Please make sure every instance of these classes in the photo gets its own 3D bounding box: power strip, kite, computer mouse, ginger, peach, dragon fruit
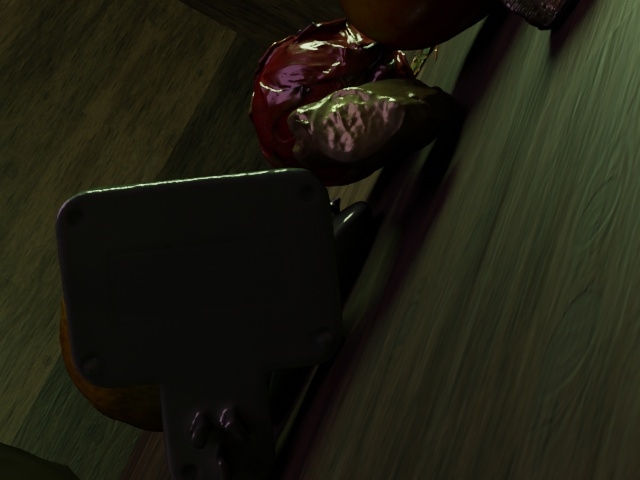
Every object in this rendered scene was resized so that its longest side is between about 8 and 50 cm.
[{"bbox_3d":[-0.095,0.078,1.131,0.141,0.229,0.261,-140,45,-83],"label":"power strip"},{"bbox_3d":[0.098,-0.169,1.566,0.198,0.006,0.244,-59,7,27],"label":"kite"},{"bbox_3d":[-0.020,0.062,1.287,0.232,0.057,0.120,-62,6,-8],"label":"computer mouse"},{"bbox_3d":[0.054,-0.102,1.163,0.213,0.137,0.074,-20,-72,-74],"label":"ginger"},{"bbox_3d":[0.101,-0.279,1.231,0.197,0.197,0.197,-61,6,11],"label":"peach"},{"bbox_3d":[0.012,-0.140,1.381,0.172,0.172,0.209,-63,5,-14],"label":"dragon fruit"}]

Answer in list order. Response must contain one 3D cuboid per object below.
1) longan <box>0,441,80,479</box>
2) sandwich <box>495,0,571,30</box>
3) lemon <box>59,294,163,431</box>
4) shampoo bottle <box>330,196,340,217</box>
[{"bbox_3d":[-0.239,0.274,0.670,0.391,0.391,0.391,-61,6,11],"label":"longan"},{"bbox_3d":[0.188,-0.220,0.999,0.163,0.113,0.079,-19,-30,-44],"label":"sandwich"},{"bbox_3d":[-0.171,0.091,1.533,0.310,0.253,0.253,120,175,-51],"label":"lemon"},{"bbox_3d":[0.000,0.000,1.529,0.048,0.027,0.137,-42,17,34],"label":"shampoo bottle"}]

YOUR TASK: The expected answer is an exact copy of the lines above, beginning at the line with "2) sandwich <box>495,0,571,30</box>" and ending at the line with "3) lemon <box>59,294,163,431</box>", with both ends in.

WRITTEN SOLUTION:
2) sandwich <box>495,0,571,30</box>
3) lemon <box>59,294,163,431</box>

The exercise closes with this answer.